The premise: six acclaimed Pakistani artists around the world-all trained in the tradition of miniature painting, but each reflecting an individual perspective-collaborate on a dynamic creative experiment. Each artist initiates two new paintings and passes them on to another artist, until all have contributed to each piece.

The result: twelve engaging artworks responding to historical events of the past and present.

Image: Untitled (8), 2003, by Nusra Latif Qureshi, Saira Wasim, Talha Rathore, Muhammad Imran Qureshi, Hasnat Mehmood, Aisha Khalid, Gouache, mixed media on wasli

The LAB (2948 16th Street @ Capp)
The Capp St. Aeronautical and Lighter Than Air Space Program (Reaching Towards Heaven)
Performative Demonstration and installation opening: Friday, Aug. 4, 6 - 9 p.m.

Kal Spelletich, a Bay Area-based machine artist and founder of the interactive performance collective SEEMEN, presents his kinetic installations. Spelletich's work compels audience members to fuse themselves with his machines and perceive the world and their place within it differently as a result. His materials consist largely of reapplied industrial items from junkyards and dumpsters. Participants control (or are temporarily controlled by) the art-bots, many of which are engineered to respond to human biological data. Spelletich's latest work involves experimenting with bio-morphic inputs that trigger machines and robots to provide viewers with a direct real-life experience. This exhibition will include kinetic sculptures triggered from input on Capp Street, adjacent to The LAB.

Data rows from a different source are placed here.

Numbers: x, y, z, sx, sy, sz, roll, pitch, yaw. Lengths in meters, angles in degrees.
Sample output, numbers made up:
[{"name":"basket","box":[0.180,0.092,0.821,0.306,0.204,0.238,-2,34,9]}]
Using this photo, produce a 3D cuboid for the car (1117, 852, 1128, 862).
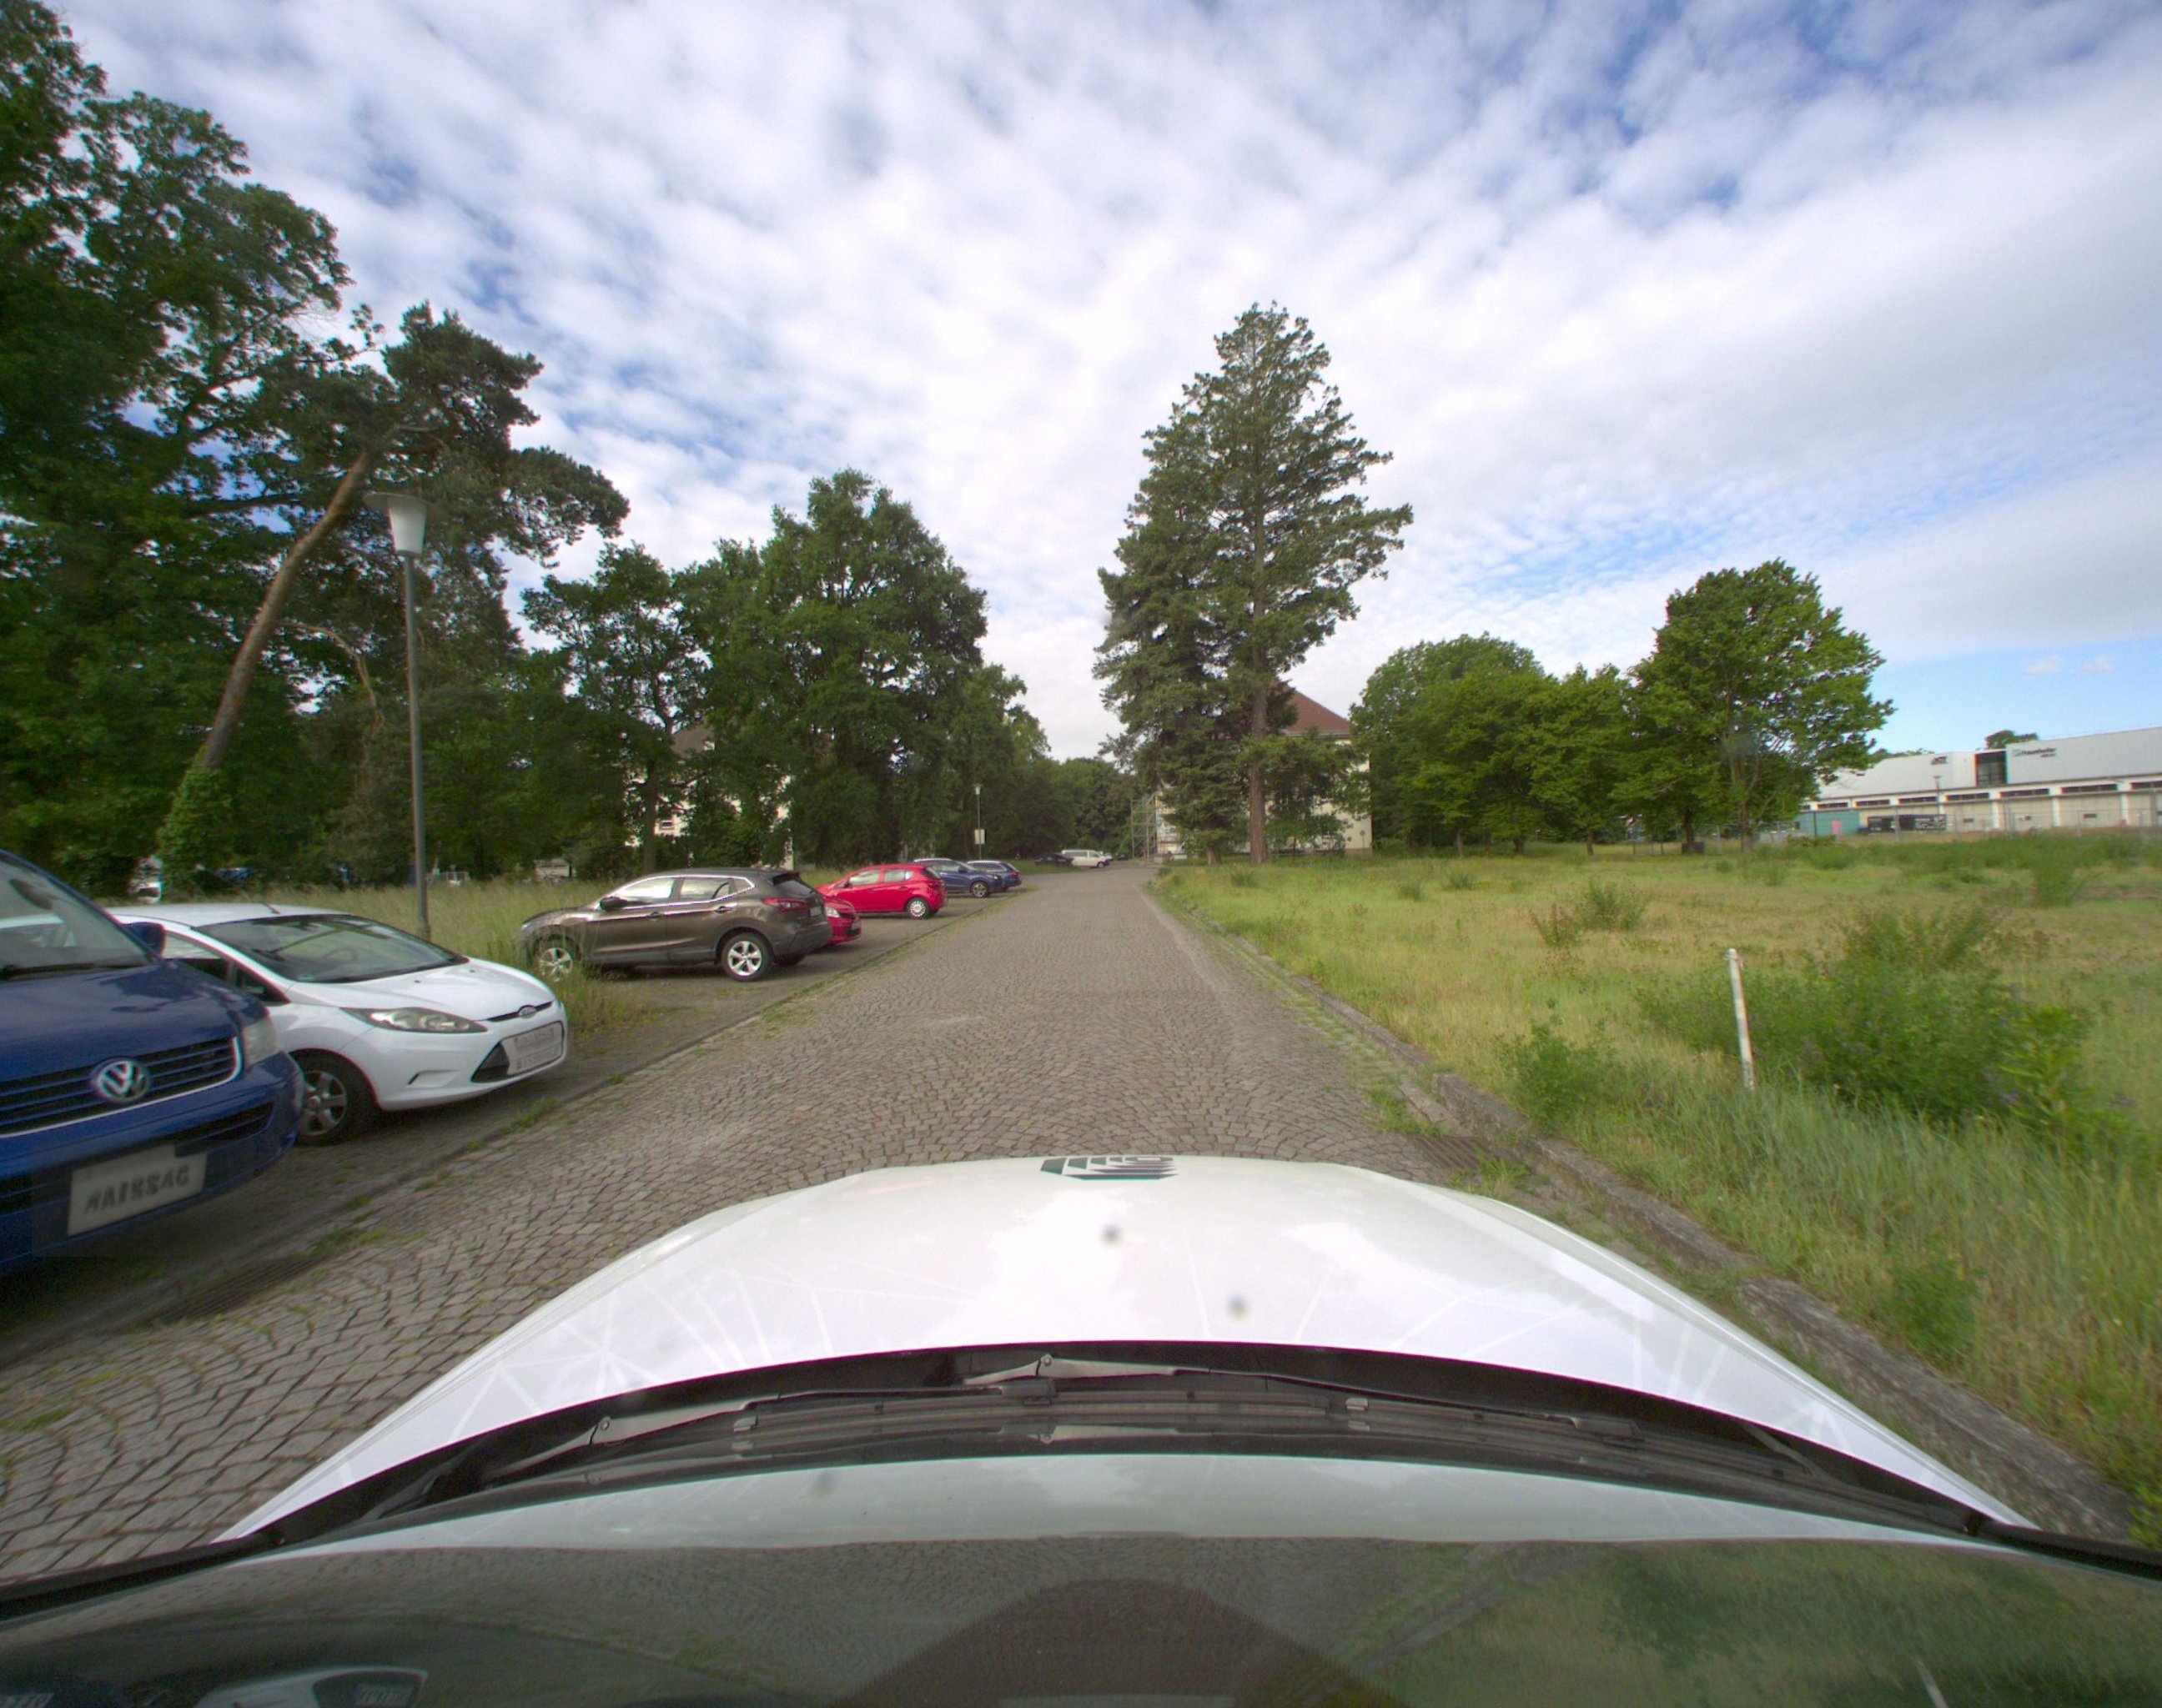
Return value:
[{"name":"car","box":[7.787,0.617,152.593,1.784,1.720,4.060,-2,-2,0]}]

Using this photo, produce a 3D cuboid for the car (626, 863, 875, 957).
[{"name":"car","box":[-5.945,0.986,14.968,3.802,1.486,1.762,-2,0,1]}]

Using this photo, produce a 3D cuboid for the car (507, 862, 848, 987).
[{"name":"car","box":[-5.825,0.975,12.177,4.054,1.575,1.954,-2,0,0]}]

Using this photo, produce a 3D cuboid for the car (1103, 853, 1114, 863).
[{"name":"car","box":[5.166,0.758,152.321,1.784,1.636,4.060,-2,-2,0]}]

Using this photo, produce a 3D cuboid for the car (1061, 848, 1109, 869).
[{"name":"car","box":[0.450,0.510,86.335,4.961,2.073,2.052,-1,-2,0]}]

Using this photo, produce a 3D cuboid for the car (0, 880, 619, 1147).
[{"name":"car","box":[-5.752,1.020,5.876,3.782,1.493,1.725,-2,0,-1]}]

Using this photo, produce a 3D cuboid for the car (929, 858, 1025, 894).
[{"name":"car","box":[-4.749,0.989,37.432,4.052,1.467,1.628,-2,0,5]}]

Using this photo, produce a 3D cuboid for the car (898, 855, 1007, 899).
[{"name":"car","box":[-5.100,0.912,32.740,4.058,1.604,1.787,-2,0,0]}]

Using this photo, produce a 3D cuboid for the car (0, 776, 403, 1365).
[{"name":"car","box":[-5.983,0.790,3.305,4.693,1.980,2.038,-2,0,0]}]

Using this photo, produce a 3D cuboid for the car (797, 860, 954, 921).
[{"name":"car","box":[-5.582,0.981,22.493,3.803,1.489,1.788,-2,0,0]}]

CounterPULSE (1310 Mission St. @ 9th)
"Remote," a multimedia performance by Kraft and Purver
Performances Aug. 4-12, 8 p.m.

In a time where traditional intelligence networks seem to have failed, and where "faith-based" decisions challenge scientific "objectivity", this new multimedia theatre project by award winners Kraft + Purver weaves live video manipulation with theater to blur the lines between reality and perception.

Both hilarious and revealing, Remote draws from factual research into bizarre experiments in psychic spying performed by the U.S. military and the CIA, and also from the impact of communications technology on the nature of relationships, and takes an unconventional look at our attempts to connect and control while still paradoxically maintaining a safe distance.